The temperature there is regularly between minus 30C and minus 60C, a result of the exceptionally high speed of the winds at this part of the frozen continent and the lack of solar radiation during the winter, when the days pass in complete darkness.
And while minus 89.2C is the official record, Vostok station reported, unofficially, that Vostok reached the temperature of minus 91C during the winter of 1997.
Hottest place on Earth
There are many contenders for this record. A weather station in El Azizia in Libya recorded 57.8C (136F) - hot enough to fry an egg - in 1922.
This record meets technical requirement in being made using a thermometer 5 feet above the ground in an enclosed, shaded area.
Other locations have, however, almost certainly been hotter, but no formal record is available.
The Dallol Depression in Ethiopia, which is more than 100 meters below sea level, features yellow sulphur fields among the white salt beds. Temperatures can reach as high as 63C.
Another contender is Death Valley in California, which is also below sea level, where temperatures have been recorded as reaching 49C.
Wave of tornados
In April 1974, southern and mid-western US suffered its worst tornado episode. Over a 24-hour period, 148 swept through the region. Thirteen states from Alabama to Virginia were affected. After 16 hours, 330 people were dead and 5,484 were injured in a damage path covering more than 2,500 miles. Tornadoes form during thunder storms when warm, humid air collides with colder air to form a swirling vortex.
Driest place on Earth
The Atacama desert in northern Chile is the most arid tract of land known. On average the buff-coloured sands of this region receive less than 0.004in of rain a year. Some parts of the desert have not seen rainfall in 400 years; scientists see it as a good training ground for testing instruments to search for the presence of water on other planets.

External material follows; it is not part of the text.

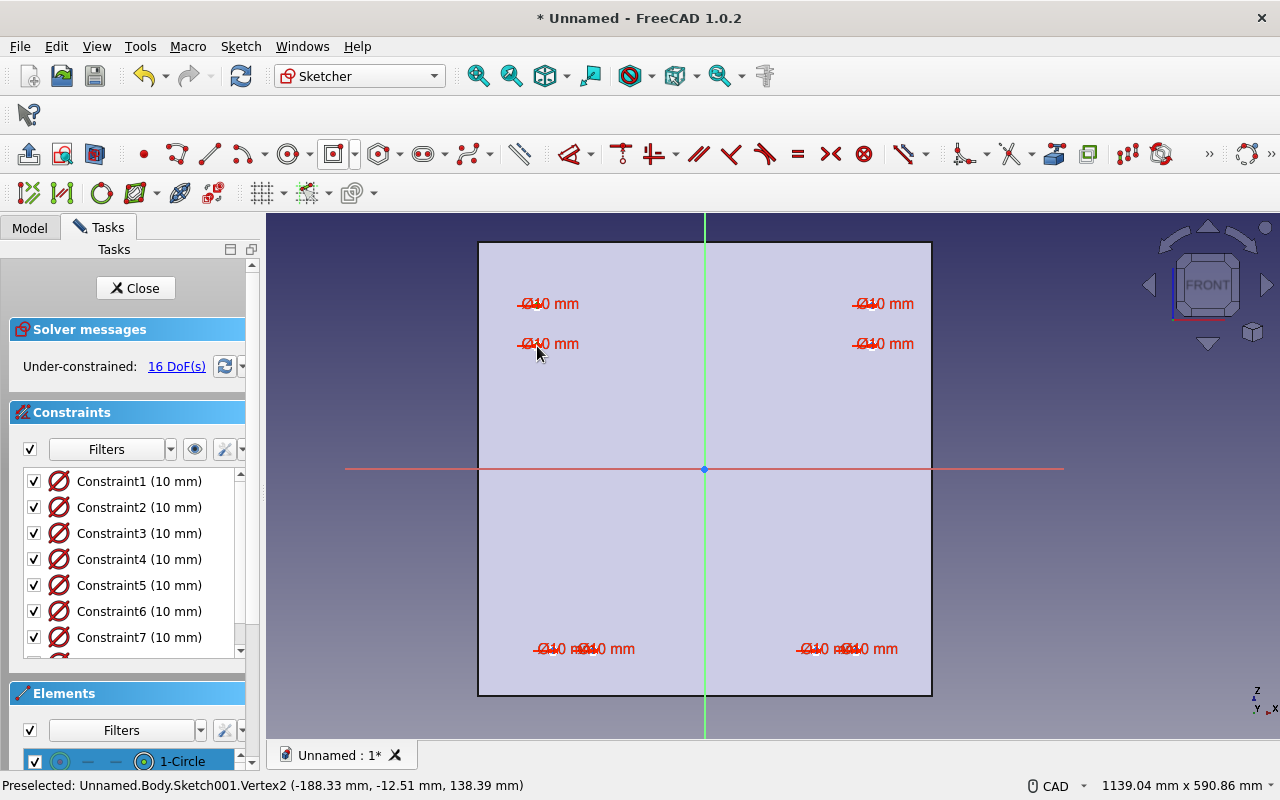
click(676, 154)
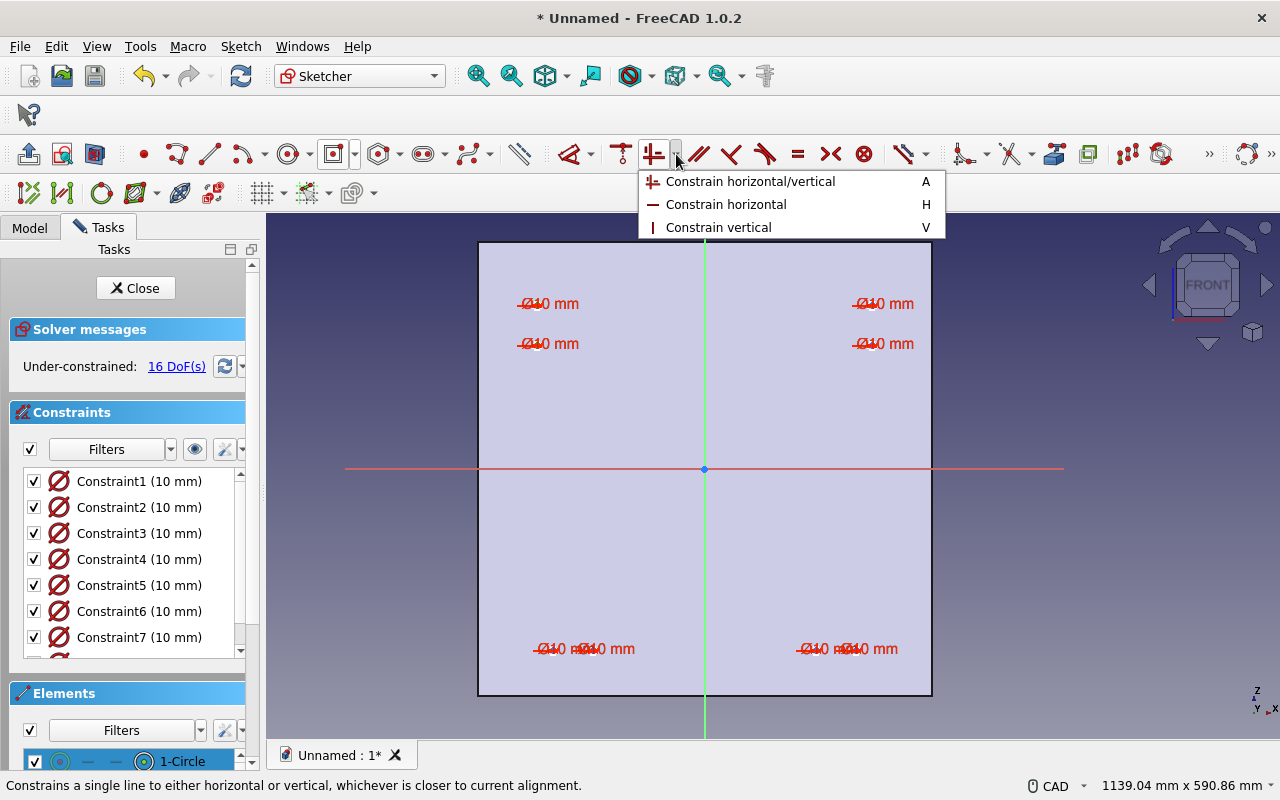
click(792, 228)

The Atacama desert owes its conditions to the fact that it is sandwiched between the high mountains of the Andes on the east and the exceptionally cold currents of the Pacific Ocean in the west. Bodies buried there by prehistoric people are almost perfectly preserved as natural mummies.

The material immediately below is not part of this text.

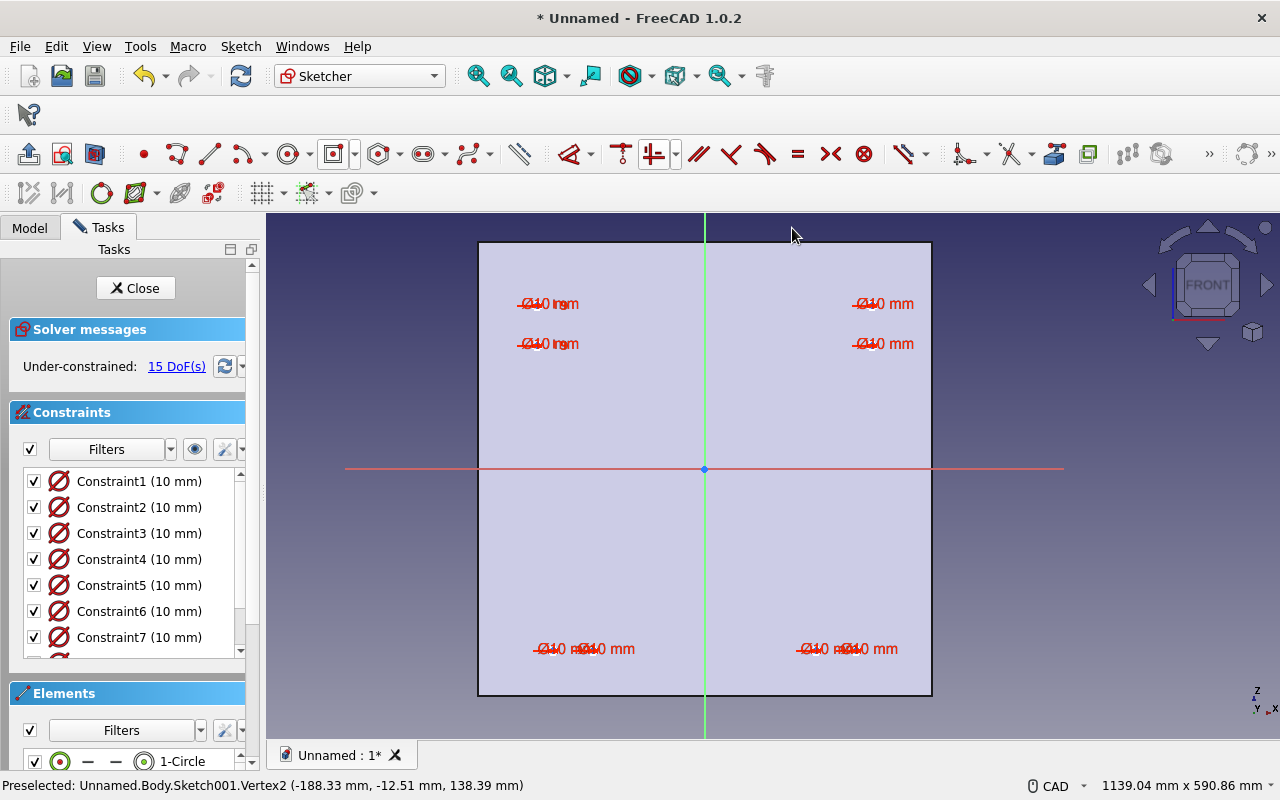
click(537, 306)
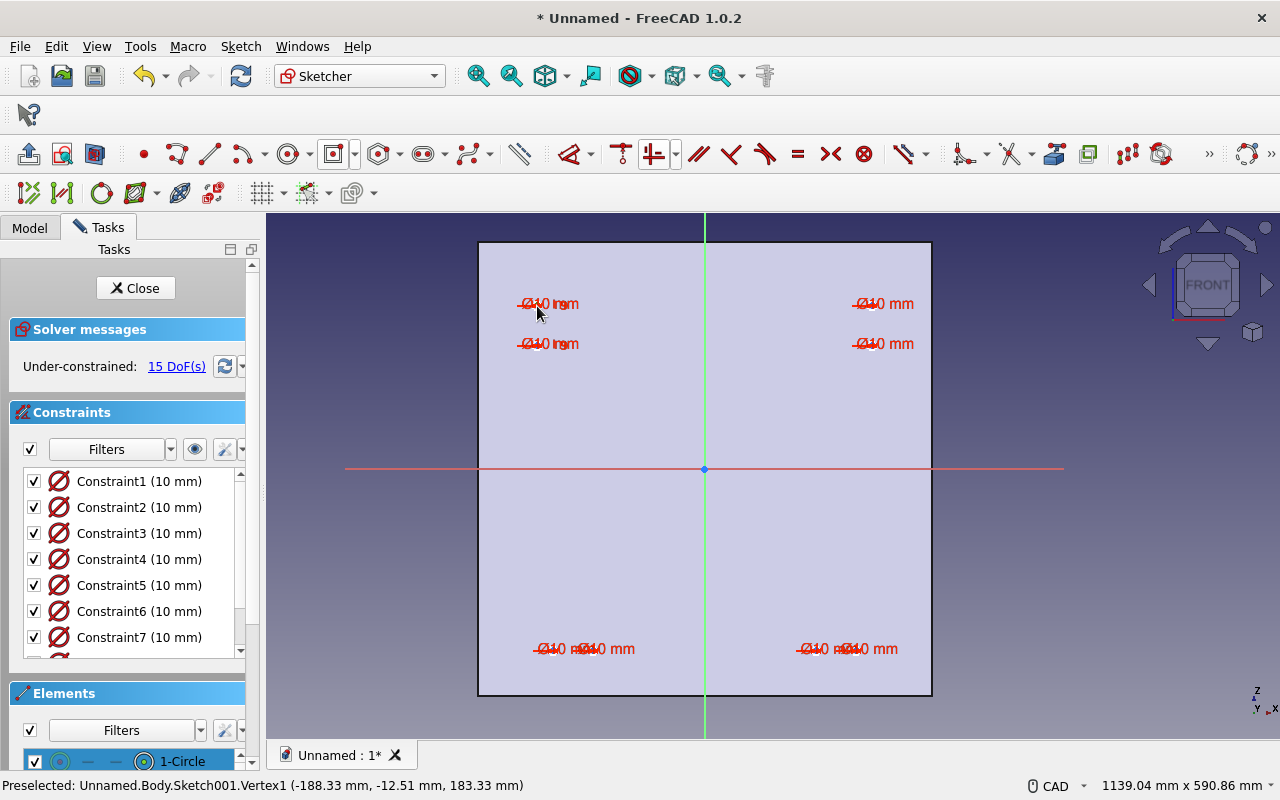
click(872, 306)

The world's worst modern meteor strike
Early in the morning of 30 June 1908 a large and mysterious explosion occurred in the sky over eastern Siberia. Visitors to the site of the explosion at Tunguska in northern Russia saw catastrophic damage, with thousands of acres of forest felled.
Local reindeer herdsmen said they were blown off their feet during the impact. The fireball lit up the night sky for hundreds of miles around - some say that it could even be seen from London.

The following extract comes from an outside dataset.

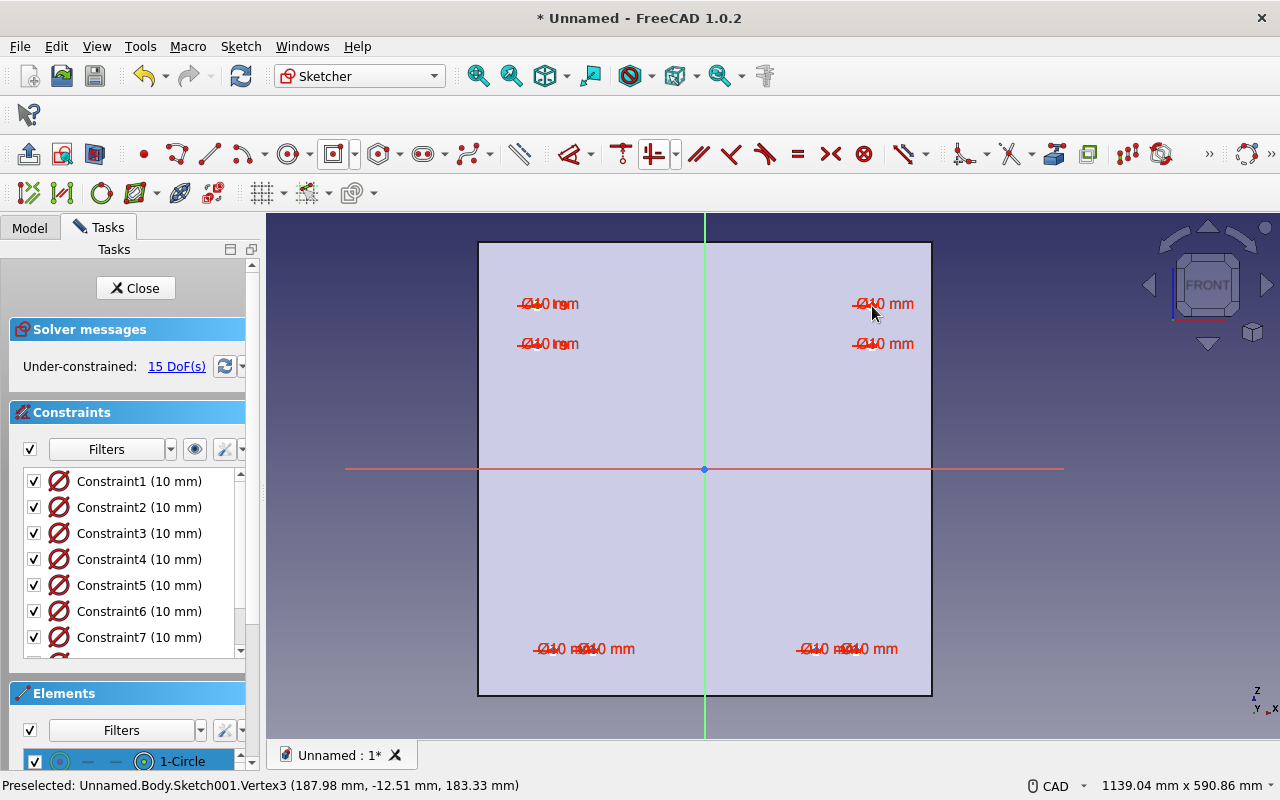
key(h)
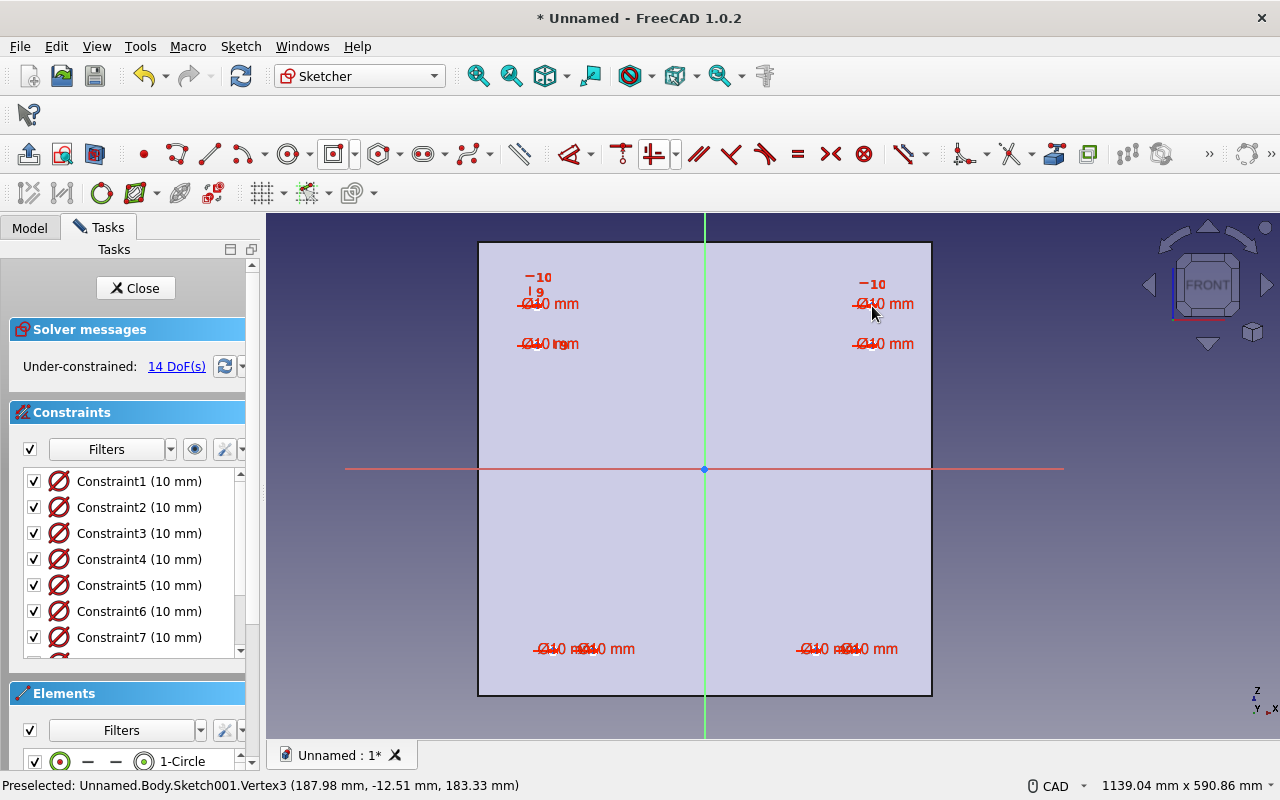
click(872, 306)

Scientists now believe the event was caused by a large meteorite breaking up as it entered the Earth's atmosphere. The lump of space rock exploded at an altitude of about 4 miles (6.4km), sending a huge pulse of explosive energy to the ground that flattened everything in its path.
The most destructive earthquakes
On 22 May 1960 an earthquake with a magnitude of 9.5 on the Richter scale struck off the coast of Chile. It is estimated to have accounted for about a quarter of the seismic energy released by all earthquakes in the past century. The US Geological Survey said that the earthquake killed 2,000 people, injured 3,000 and made another 2 million homeless. Tsunamis travelled across the Pacific, causing millions of pounds worth of damage in Hawaii, Japan, the west coast of the US and the Philippines.
However, the most destructive earthquake in modern times was in Tangshan, north-east of the Chinese capital of Beijing, in 1976. Officially the death toll was 242,419; unofficial estimates said 750,000.
The world's biggest volcanos
The most destructive volcanic eruption in modern times was that of Tambora on the Sumbawa island of Indonesia. It began on 5 April 1815 with a moderate explosion. Five days later "three columns of fire" rose into the sky and an estimated 50 cubic kilometres of molten magma were expelled. An estimated 92,000 died from the explosion or resulting starvation.
The debris thrown into the atmosphere caused global climate change. Crops failed as far away as America and many tens of thousands of people died from famine in the immediate vicinity of the eruption.